Magical Corner Sums
As our community math circle prepares to run Magic Flowers, I've been looking at extensions and related problems. Here we'll look at a series of puzzles that also require certain sums to be the same.
Setup
Even though the puzzles we'll look at will be 2D, they were inspired by this old chestnut:
Is it possible to label the corners of a cube with the numbers 1-8 so that the four corners of each face give the same sum?
This is a great toy problem for a session. It turns out there are three distinct solutions up to rotation and reflection, but finding them and proving that those are all of them provides an arc with some nice discoveries.
Today we'll focus mostly on squares arranged into various polyomino configurations and try to label them so each square has the same corner-sum.
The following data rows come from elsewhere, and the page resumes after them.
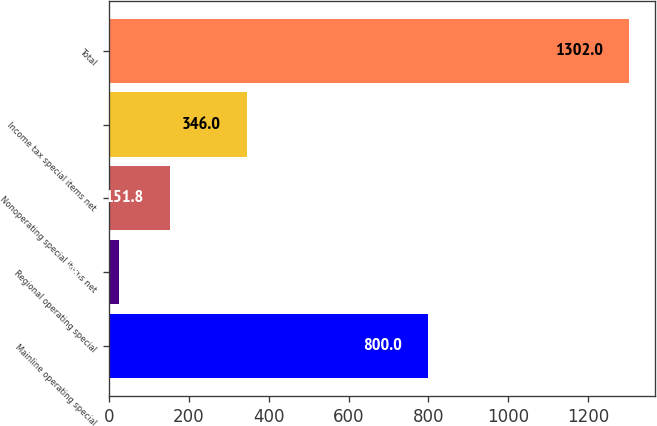Convert chart. <chart><loc_0><loc_0><loc_500><loc_500><bar_chart><fcel>Mainline operating special<fcel>Regional operating special<fcel>Nonoperating special items net<fcel>Income tax special items net<fcel>Total<nl><fcel>800<fcel>24<fcel>151.8<fcel>346<fcel>1302<nl></chart> 
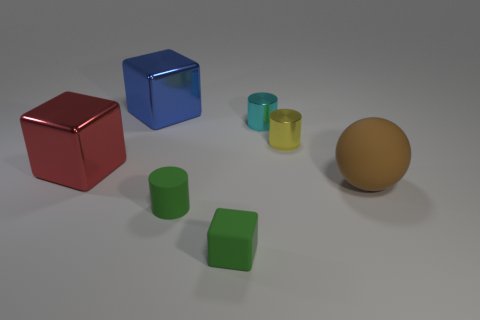What material is the yellow object that is the same shape as the cyan metallic thing?
Ensure brevity in your answer.  Metal. There is a large rubber object in front of the large blue metal thing; is there a tiny cylinder that is in front of it?
Your response must be concise. Yes. Does the yellow object have the same shape as the large red object?
Your response must be concise. No. What is the shape of the red object that is the same material as the tiny cyan object?
Give a very brief answer. Cube. Is the size of the cube that is in front of the ball the same as the object that is to the left of the blue object?
Make the answer very short. No. Are there more big shiny things that are behind the yellow thing than large things that are in front of the large matte thing?
Make the answer very short. Yes. What number of other things are there of the same color as the tiny rubber block?
Give a very brief answer. 1. Does the tiny cube have the same color as the small cylinder in front of the sphere?
Provide a succinct answer. Yes. What number of tiny things are in front of the cylinder behind the yellow object?
Offer a very short reply. 3. What is the material of the block that is to the right of the large metallic thing that is behind the big red shiny cube left of the tiny green cylinder?
Provide a succinct answer. Rubber. 
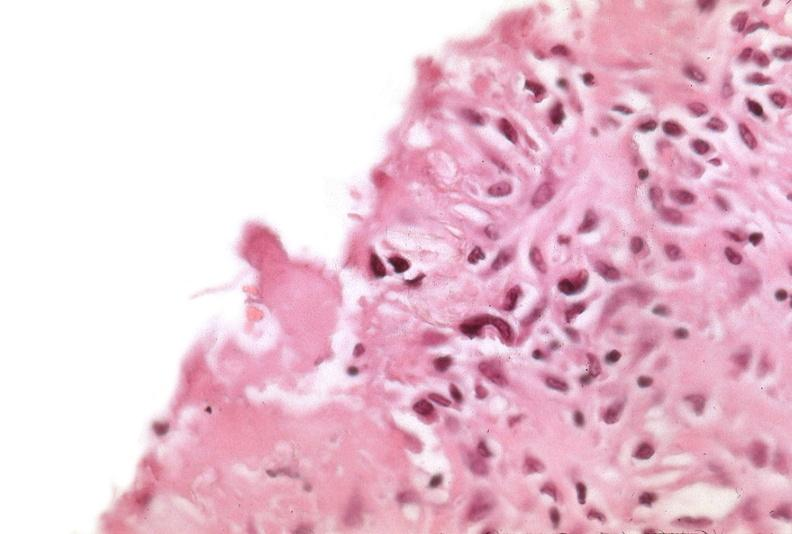what is present?
Answer the question using a single word or phrase. Respiratory 
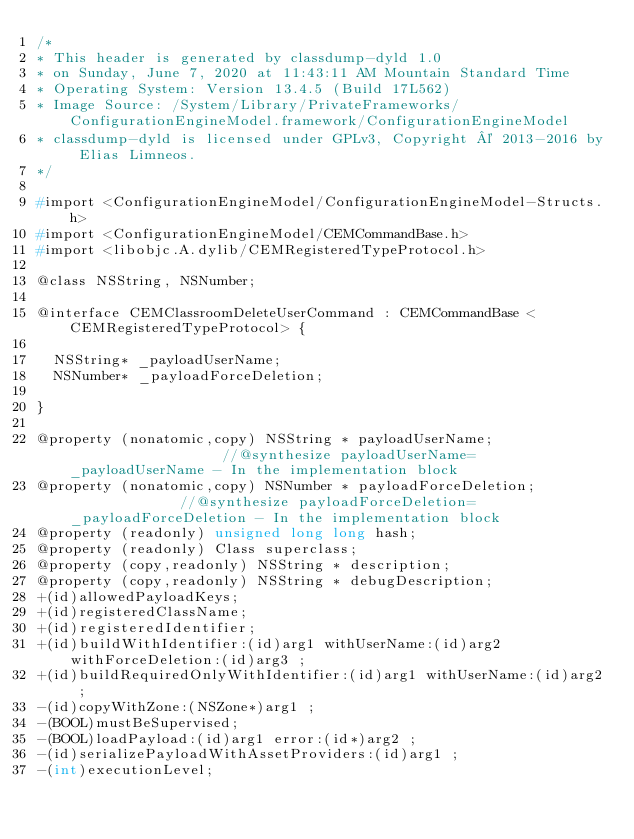<code> <loc_0><loc_0><loc_500><loc_500><_C_>/*
* This header is generated by classdump-dyld 1.0
* on Sunday, June 7, 2020 at 11:43:11 AM Mountain Standard Time
* Operating System: Version 13.4.5 (Build 17L562)
* Image Source: /System/Library/PrivateFrameworks/ConfigurationEngineModel.framework/ConfigurationEngineModel
* classdump-dyld is licensed under GPLv3, Copyright © 2013-2016 by Elias Limneos.
*/

#import <ConfigurationEngineModel/ConfigurationEngineModel-Structs.h>
#import <ConfigurationEngineModel/CEMCommandBase.h>
#import <libobjc.A.dylib/CEMRegisteredTypeProtocol.h>

@class NSString, NSNumber;

@interface CEMClassroomDeleteUserCommand : CEMCommandBase <CEMRegisteredTypeProtocol> {

	NSString* _payloadUserName;
	NSNumber* _payloadForceDeletion;

}

@property (nonatomic,copy) NSString * payloadUserName;                   //@synthesize payloadUserName=_payloadUserName - In the implementation block
@property (nonatomic,copy) NSNumber * payloadForceDeletion;              //@synthesize payloadForceDeletion=_payloadForceDeletion - In the implementation block
@property (readonly) unsigned long long hash; 
@property (readonly) Class superclass; 
@property (copy,readonly) NSString * description; 
@property (copy,readonly) NSString * debugDescription; 
+(id)allowedPayloadKeys;
+(id)registeredClassName;
+(id)registeredIdentifier;
+(id)buildWithIdentifier:(id)arg1 withUserName:(id)arg2 withForceDeletion:(id)arg3 ;
+(id)buildRequiredOnlyWithIdentifier:(id)arg1 withUserName:(id)arg2 ;
-(id)copyWithZone:(NSZone*)arg1 ;
-(BOOL)mustBeSupervised;
-(BOOL)loadPayload:(id)arg1 error:(id*)arg2 ;
-(id)serializePayloadWithAssetProviders:(id)arg1 ;
-(int)executionLevel;</code> 
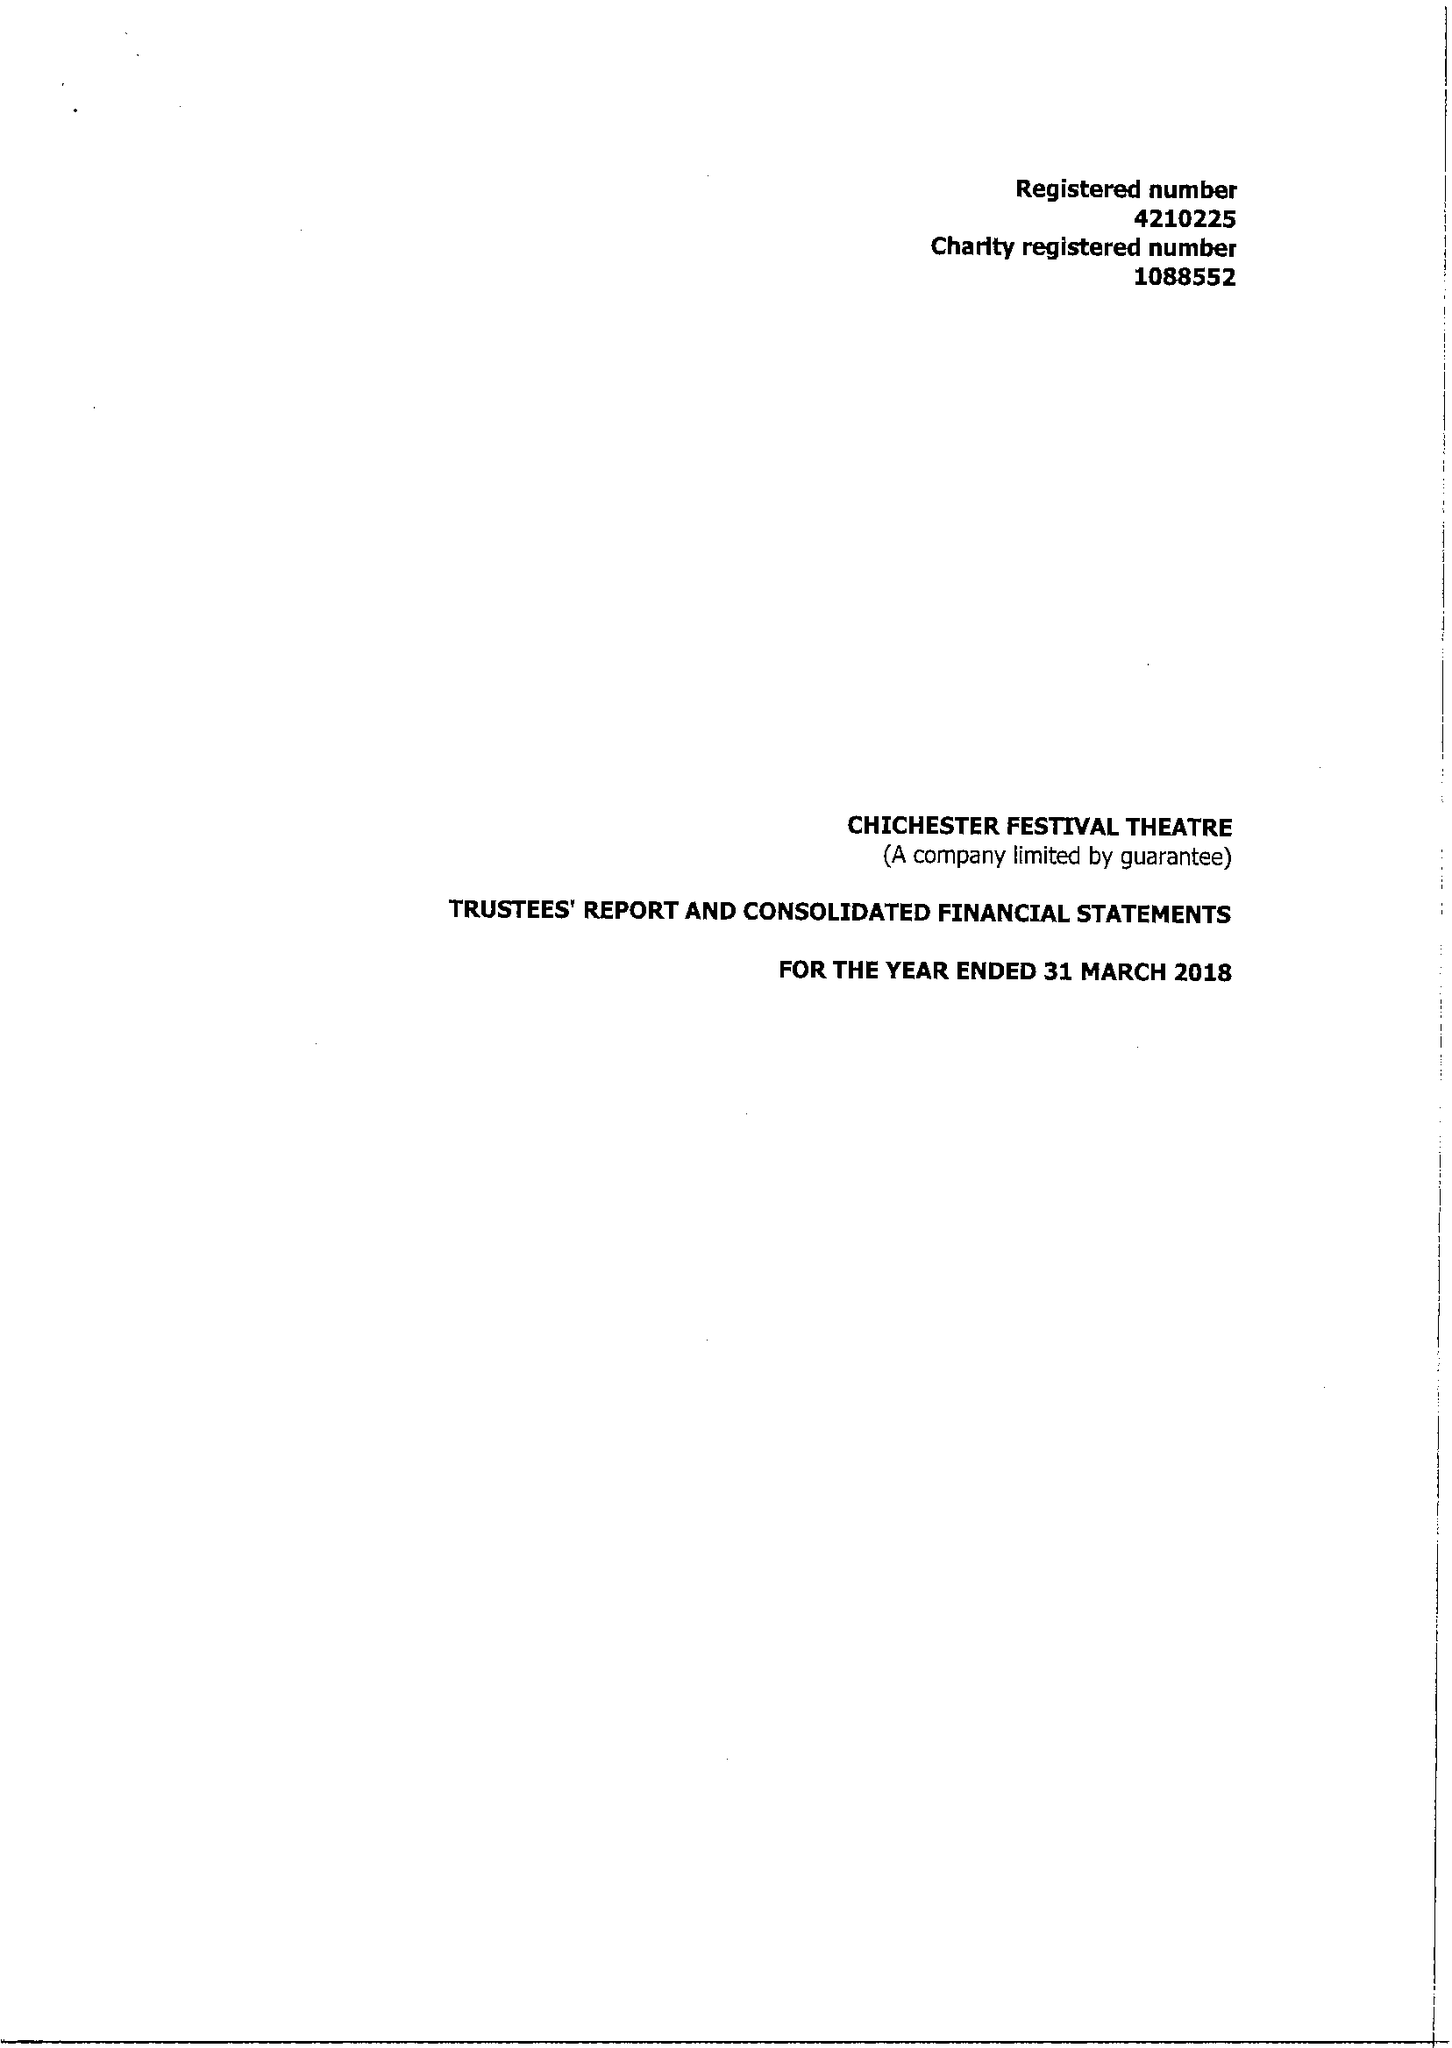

Here are a couple puzzles to get the ball rolling:
Example 1
Place the numbers 1-8 in the eight vertices so that the four corners of each square have the same sum:
Example 2
Place the numbers 1-8 in the eight vertices so that the four corners of each square have the same sum:
I've put together some worksheets. These puzzles are tricky and I have not solved all them, so be warned that some may be impossible! We'll discuss some of the solvable families below.
Initial Questions
What do solutions to the example puzzles look like?
What are the magic numbers for your solutions? (i.e., what are the corner sums?)
Is there more than one way to solve these puzzles? If so, what magic numbers can you find?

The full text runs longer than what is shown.